The ChIP-Seq technology can be applied to other types of proteins in addition to TFs. For example, multiple studies have utilized ChIP-Seq to identify histone modification sites in the genome [12
], which is reviewed in Park [45
]. Since the underlying two-component HMM is quite general, HPeak can also be applied to data collected from other types of sequencing-based experiments such as MeDIP-seq [46
], RNA-seq [47
] and methylation pattern discovery [19
]. In these experiments, HPeak can be used to identify regions in the genome that is significantly enriched for sequencing reads. Some adjustment of HPeak parameters such as bin size may be needed when analyzing non-ChIP-Seq type of data.
The HMM used in HPeak assumes two different states: enriched and non-enriched. Although such a scheme is well-accepted in ChIP-chip analyses [33
], it is possible and of interest to consider more sophisticated HMM schemes where more than two states are allowed. As an example, we may consider a four-state HMM: enrichment of reads on the positive strand, enrichment of reads on the negative strand, enrichment of reads on both strands and no enrichment. By utilizing strand information, we will be able to better identify true binding events since a symmetric pattern among reads with different strands is expected around the binding sites. Another possibility is to distinguish shapes of peaks, such as sharp peaks, broad and low plateaus. These may help us to distinguish different types of binding events.

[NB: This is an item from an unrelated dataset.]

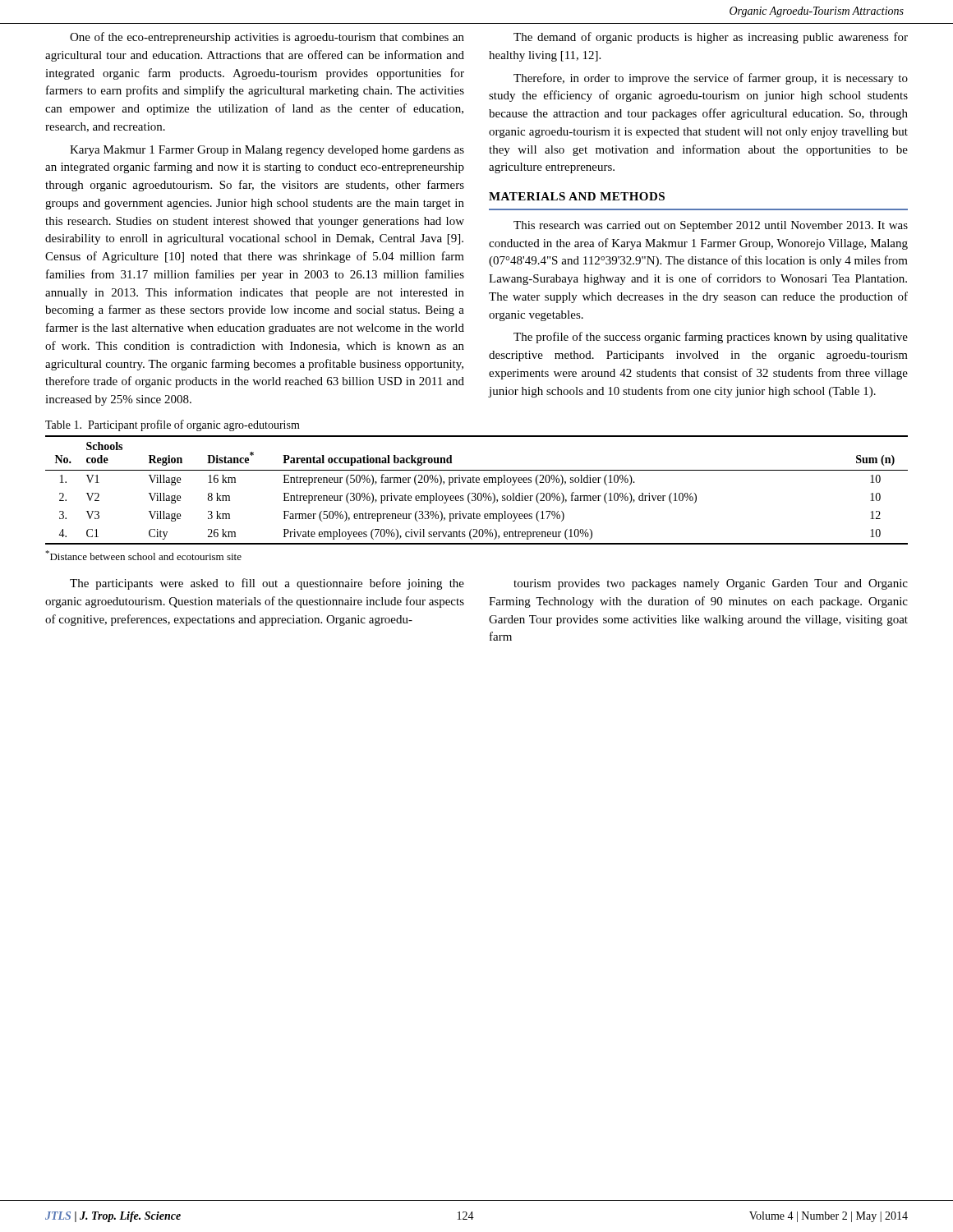The height and width of the screenshot is (1232, 953).
Task: Find the block on this page that starts "tourism provides two packages namely Organic Garden Tour"
Action: click(x=698, y=611)

We assume HDF counts follow ZIP and GP distributions in background and ChIP-enriched regions respectively. Other probability distributions such as negative binomial (NB) has also been used to model ChIP-Seq data [22
]. It is of interest to understand whether these distributions fit observed ChIP-Seq data better than the standard Poisson distribution. To investigate, we fit GP, Poisson and NB distributions to the number of HDFs found in NRSF and STAT1 ChIP-Seq data. For the number of HDFs found in the ChIP-enriched regions, we found that the GP distribution shows a much better fit than the Poisson distribution and a slightly better fit than the NB distributions. An example of the model fit can be found in Figure S4 in additional file 1
. For the number of HDFs found in background regions, we found that the ZIP distribution produces a slightly better fit than both Poisson and NB distributions (data not shown).
The current HPeak algorithm does not distinguish reads of different orientation within a peak. Such information has been shown to be informative in pinpointing the summit of the peak and to estimate the DNA fragment length [20
]. We plan to incorporate such information in the future release of HPeak and we believe it will further enhance the performance of the HPeak program.